• [Listed records]
========================================
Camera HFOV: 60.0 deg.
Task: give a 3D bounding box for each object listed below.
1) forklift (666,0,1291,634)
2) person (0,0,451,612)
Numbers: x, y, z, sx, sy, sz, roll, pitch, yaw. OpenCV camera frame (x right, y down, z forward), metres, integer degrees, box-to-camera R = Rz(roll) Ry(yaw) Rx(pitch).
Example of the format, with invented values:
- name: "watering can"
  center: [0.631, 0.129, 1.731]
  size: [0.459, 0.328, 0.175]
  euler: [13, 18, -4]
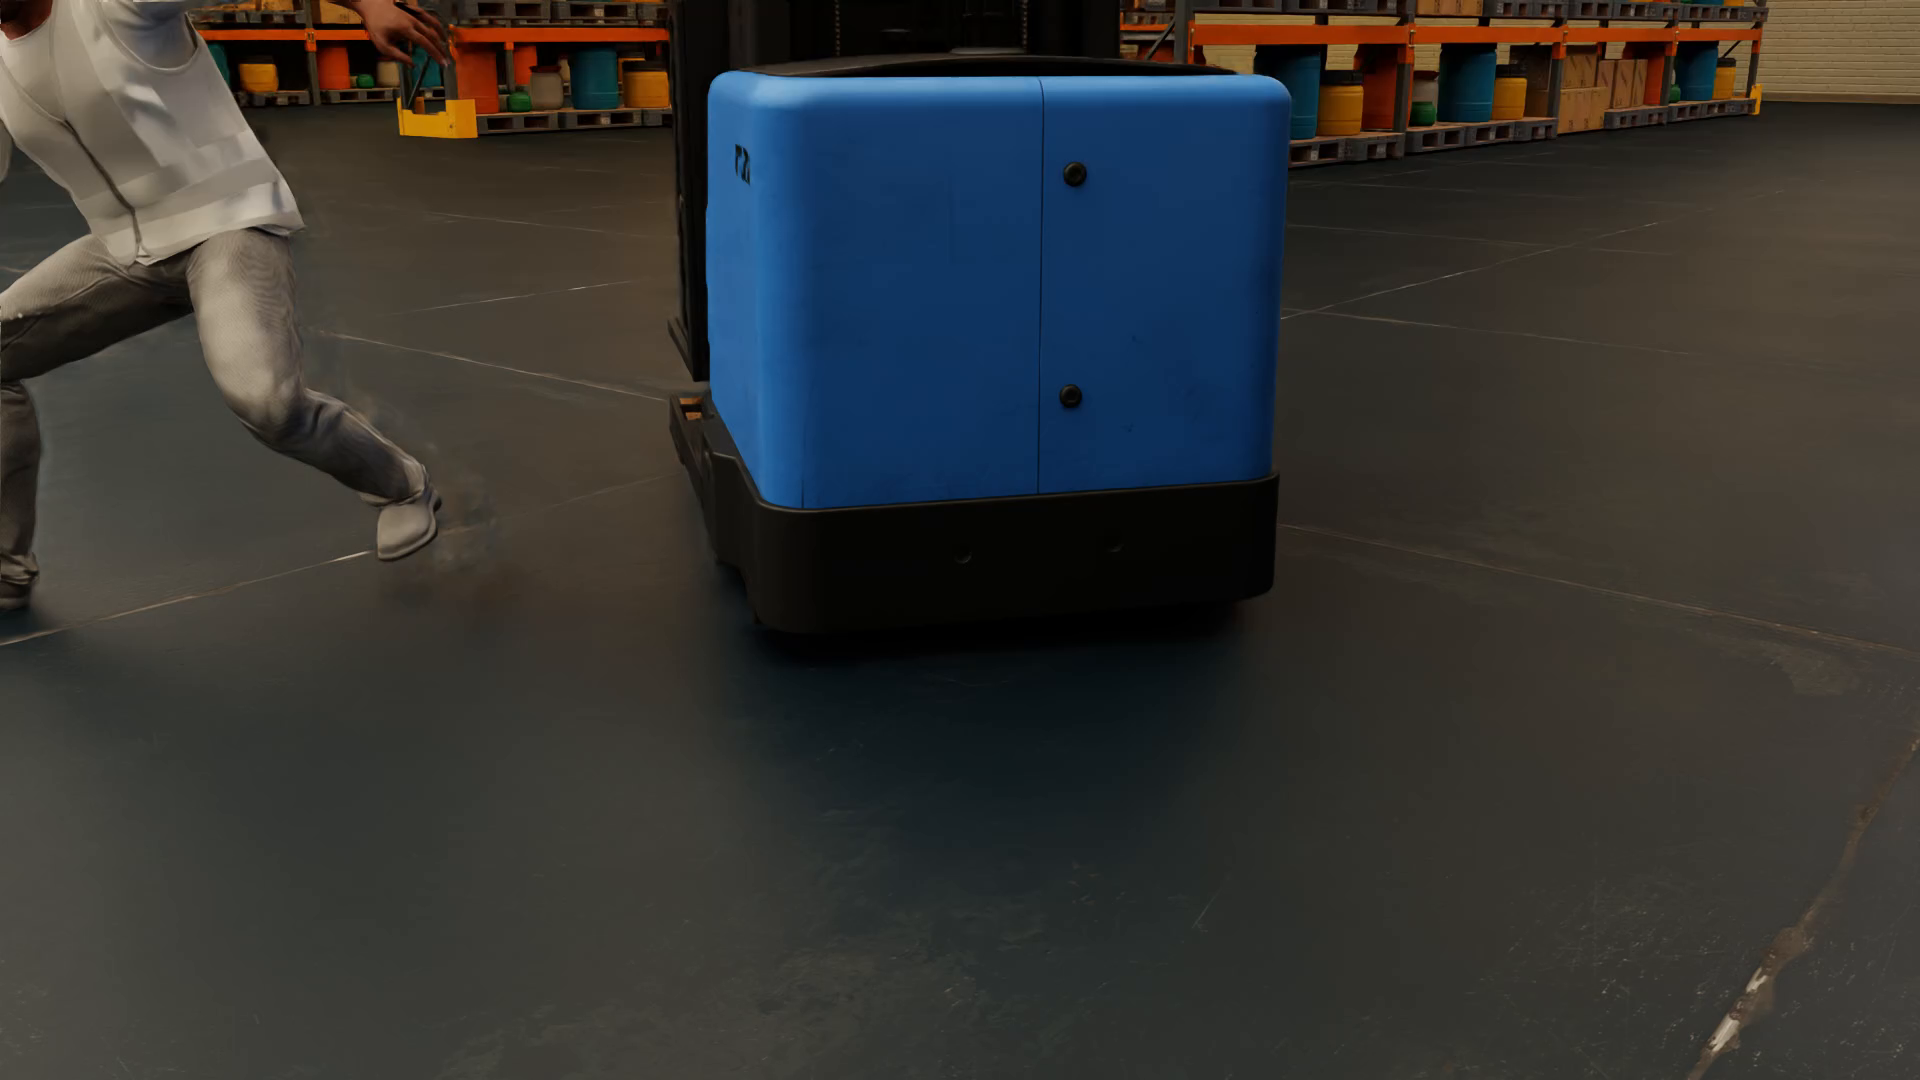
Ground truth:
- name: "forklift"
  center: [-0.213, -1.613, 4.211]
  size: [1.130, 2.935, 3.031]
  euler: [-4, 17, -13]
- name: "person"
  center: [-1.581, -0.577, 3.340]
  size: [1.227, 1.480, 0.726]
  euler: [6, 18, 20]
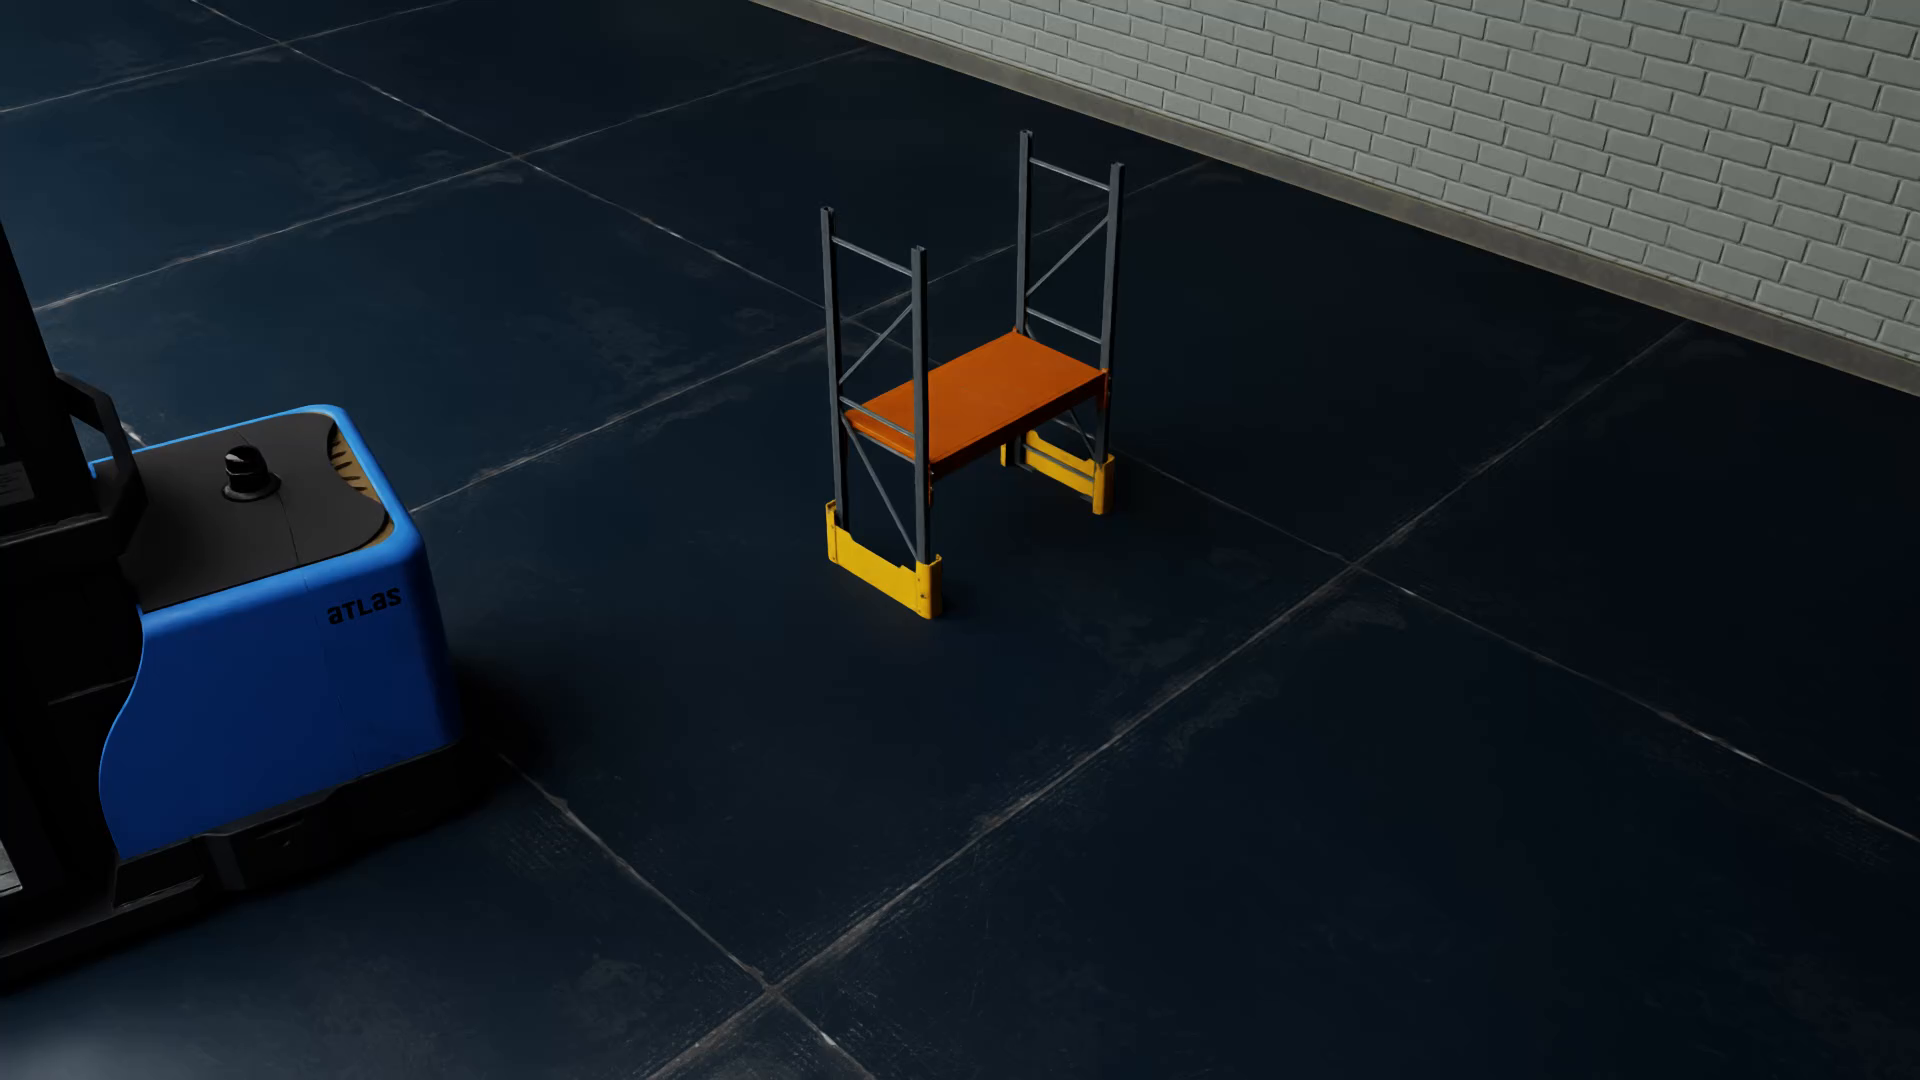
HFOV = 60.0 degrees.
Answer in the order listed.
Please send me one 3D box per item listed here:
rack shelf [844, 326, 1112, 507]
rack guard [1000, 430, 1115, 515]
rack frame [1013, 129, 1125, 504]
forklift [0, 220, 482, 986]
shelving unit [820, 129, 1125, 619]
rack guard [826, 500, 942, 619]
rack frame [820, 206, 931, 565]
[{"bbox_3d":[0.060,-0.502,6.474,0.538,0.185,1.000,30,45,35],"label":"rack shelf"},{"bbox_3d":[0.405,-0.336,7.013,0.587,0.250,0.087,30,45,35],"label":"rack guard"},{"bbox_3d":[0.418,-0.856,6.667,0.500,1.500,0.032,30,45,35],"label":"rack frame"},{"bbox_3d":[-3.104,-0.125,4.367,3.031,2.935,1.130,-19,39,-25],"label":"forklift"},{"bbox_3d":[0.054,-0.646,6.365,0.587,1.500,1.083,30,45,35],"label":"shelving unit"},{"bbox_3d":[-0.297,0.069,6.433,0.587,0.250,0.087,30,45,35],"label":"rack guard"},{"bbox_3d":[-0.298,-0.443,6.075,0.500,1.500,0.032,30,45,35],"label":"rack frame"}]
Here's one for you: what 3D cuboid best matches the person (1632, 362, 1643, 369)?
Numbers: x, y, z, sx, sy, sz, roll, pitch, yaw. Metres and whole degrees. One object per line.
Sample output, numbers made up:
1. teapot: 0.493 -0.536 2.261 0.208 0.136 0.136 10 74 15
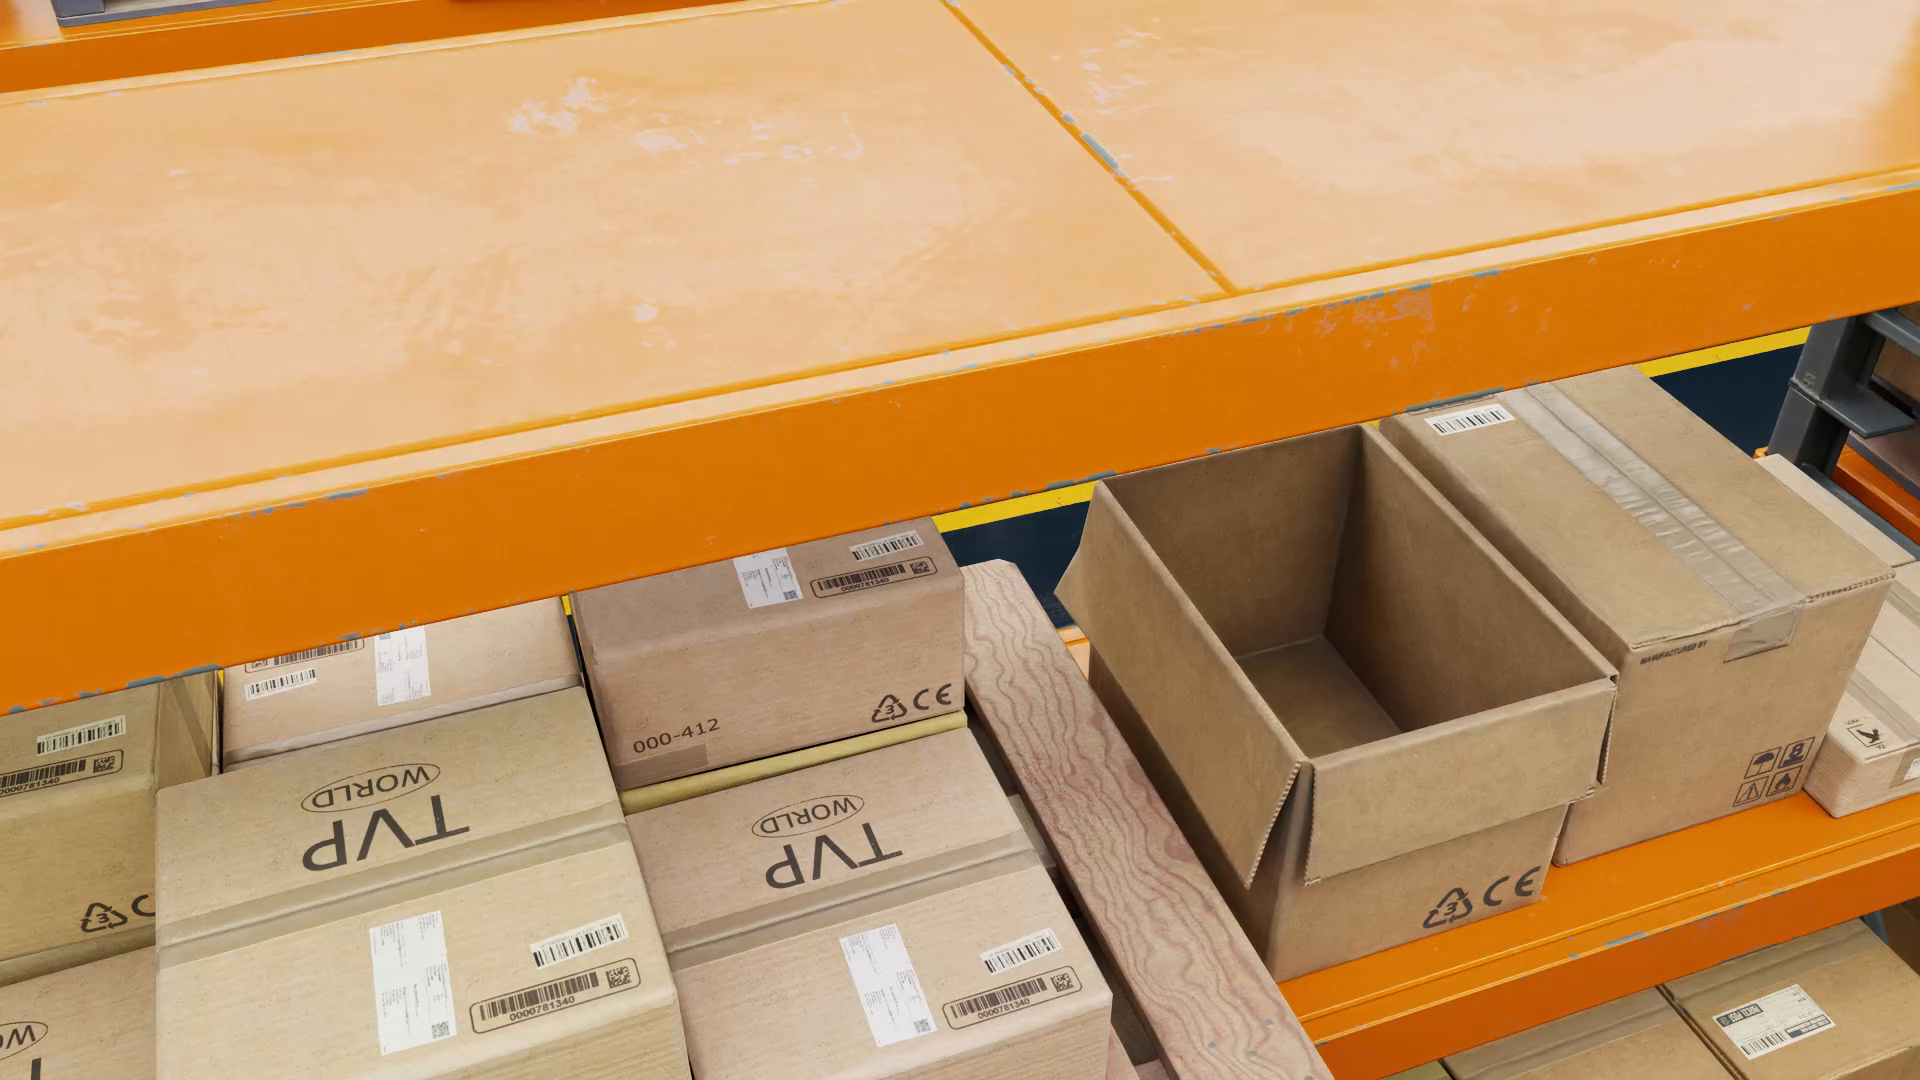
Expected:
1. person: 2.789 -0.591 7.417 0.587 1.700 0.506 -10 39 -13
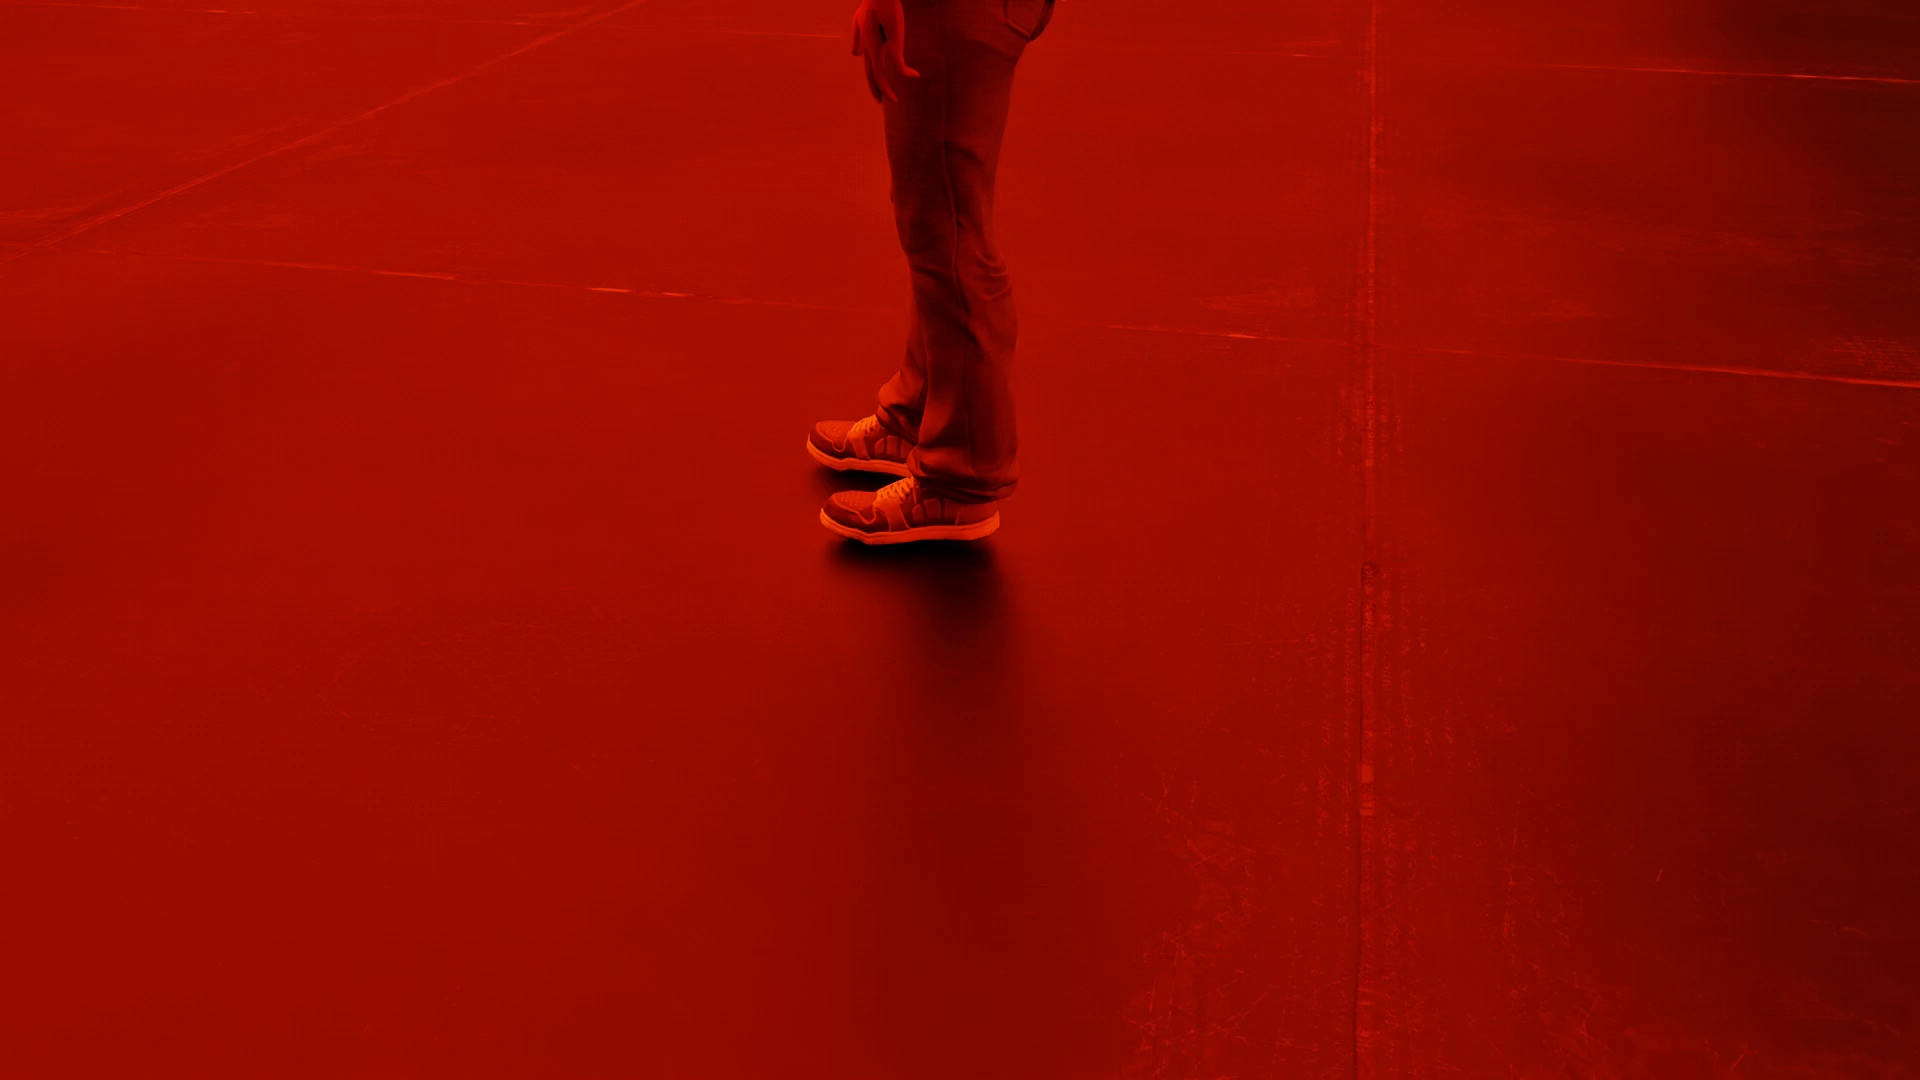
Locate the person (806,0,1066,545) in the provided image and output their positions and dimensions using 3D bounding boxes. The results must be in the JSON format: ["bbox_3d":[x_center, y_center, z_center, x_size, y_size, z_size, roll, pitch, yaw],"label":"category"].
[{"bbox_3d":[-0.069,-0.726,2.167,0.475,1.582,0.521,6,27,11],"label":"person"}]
========================================
Filter the records for lines containing the word "degrees" and copy each one.

Numbers: x, y, z, sx, sy, sz, roll, pitch, yaw. OpenCV camera frame (x right, y down, z forward), metres, integer degrees, box-to-camera R = Rz(roll) Ry(yaw) Rx(pitch).
HFOV = 60.0 degrees.
Numbers: x, y, z, sx, sy, sz, roll, pitch, yaw. Metres and whole degrees. One object per line.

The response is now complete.